Thursday, August 23, 2007

Google and Galileo

How's this for a coincidence? Apparently, Galileo developed an advanced telescope on this day in history over five hundred years ago. Yesterday, news reports around the world announced that Google Earth was adding another feature to its program. Now, you can enter an address and click the Google Sky button to see the night sky above you. What is mind-boggling is that you can zoom in, pivot your camera and move the mouse around to your heart's delight. Galileo was thrown in jail for refusing to refute (initially) his writings. For looking at the rings of Saturn he was tortured. Just the mere act of peering through a telescope challenged the institutional power of the Catholic Church at the time. Pope John Paul II formally forgave Galileo only recently too.
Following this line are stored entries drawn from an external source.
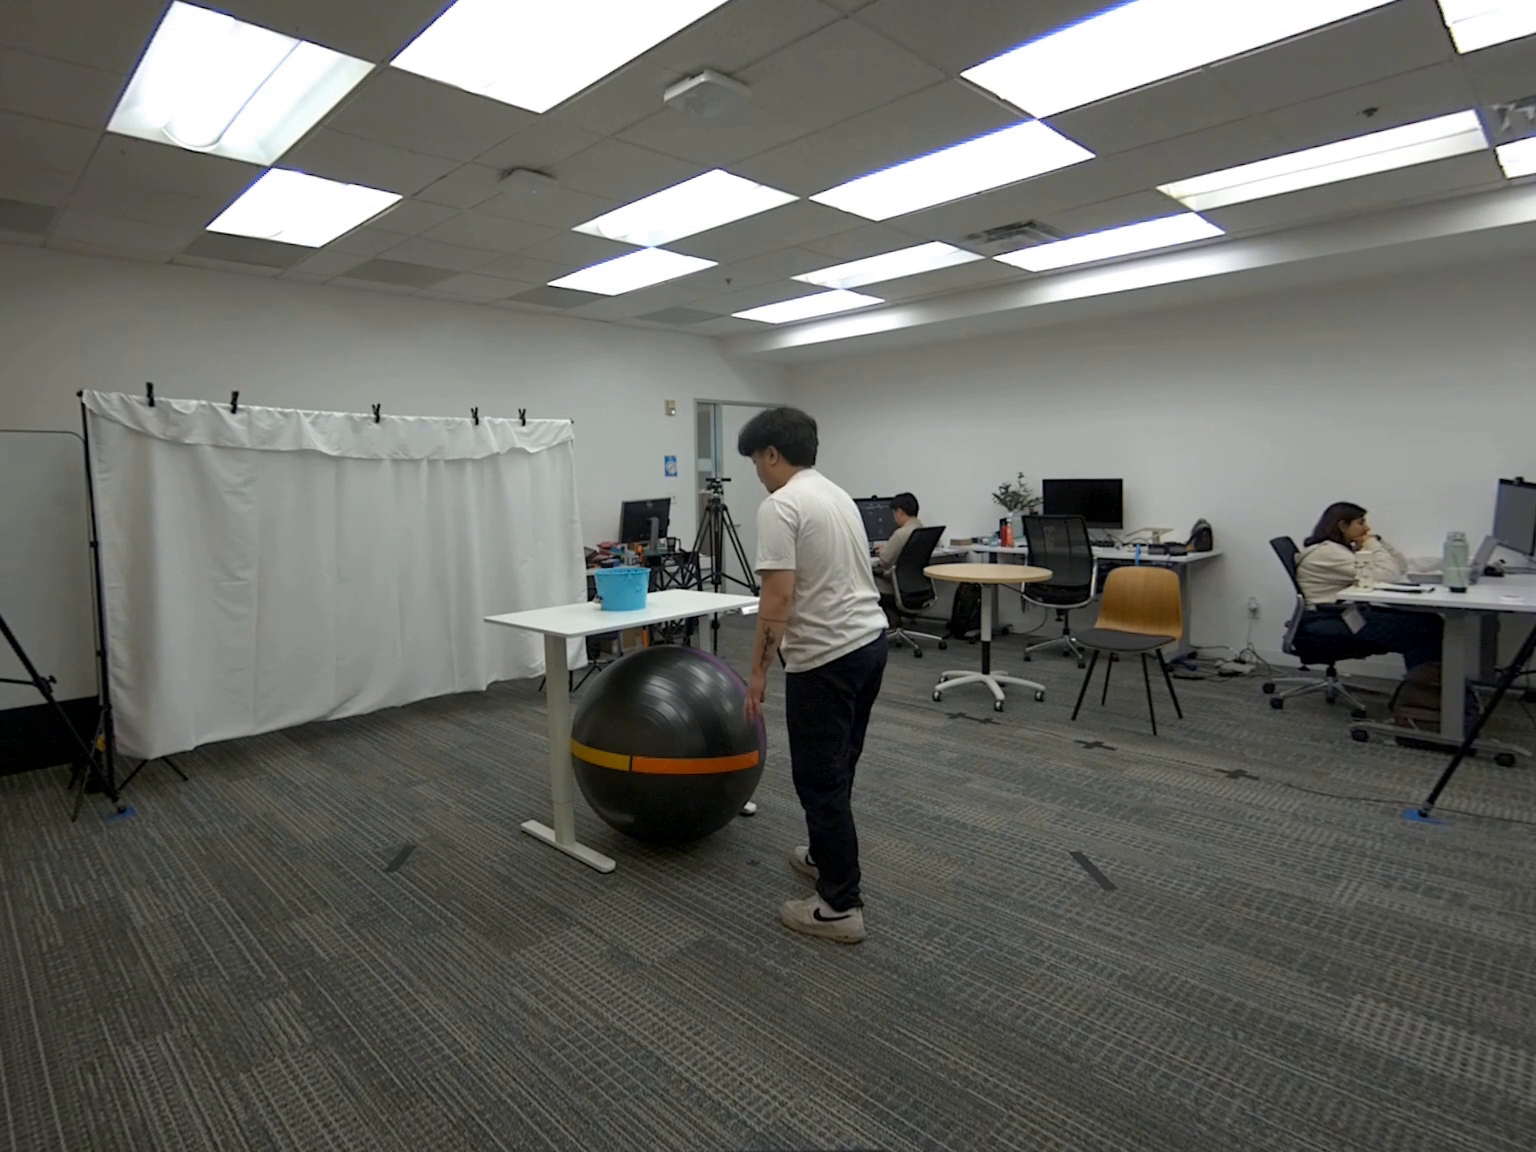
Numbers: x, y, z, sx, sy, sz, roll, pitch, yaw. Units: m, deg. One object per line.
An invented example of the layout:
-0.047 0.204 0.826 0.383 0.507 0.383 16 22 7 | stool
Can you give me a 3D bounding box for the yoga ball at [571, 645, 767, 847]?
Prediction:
-0.391 0.659 3.329 0.757 0.755 0.762 -1 5 -2 | yoga ball

Now comes Google. Is it possible that Google destroyed the telescope for amatuer nightwatchers? The night sky is as available as an interstate highway. But is it closer or farther away? In the coming year, the Japanese are going to expand the International Space Station with an addition, called Kibo. Moon bases are being planned, as is a US mission to Mars. The Pentagon is even eyeing the weaponization of space. Maybe as technology, like Google, makes space more accessible and corporations and nations see investment in space as profitable and strategically adventageous, we will move ultimately up and out. But at what cost? More or less than what Galileo paid?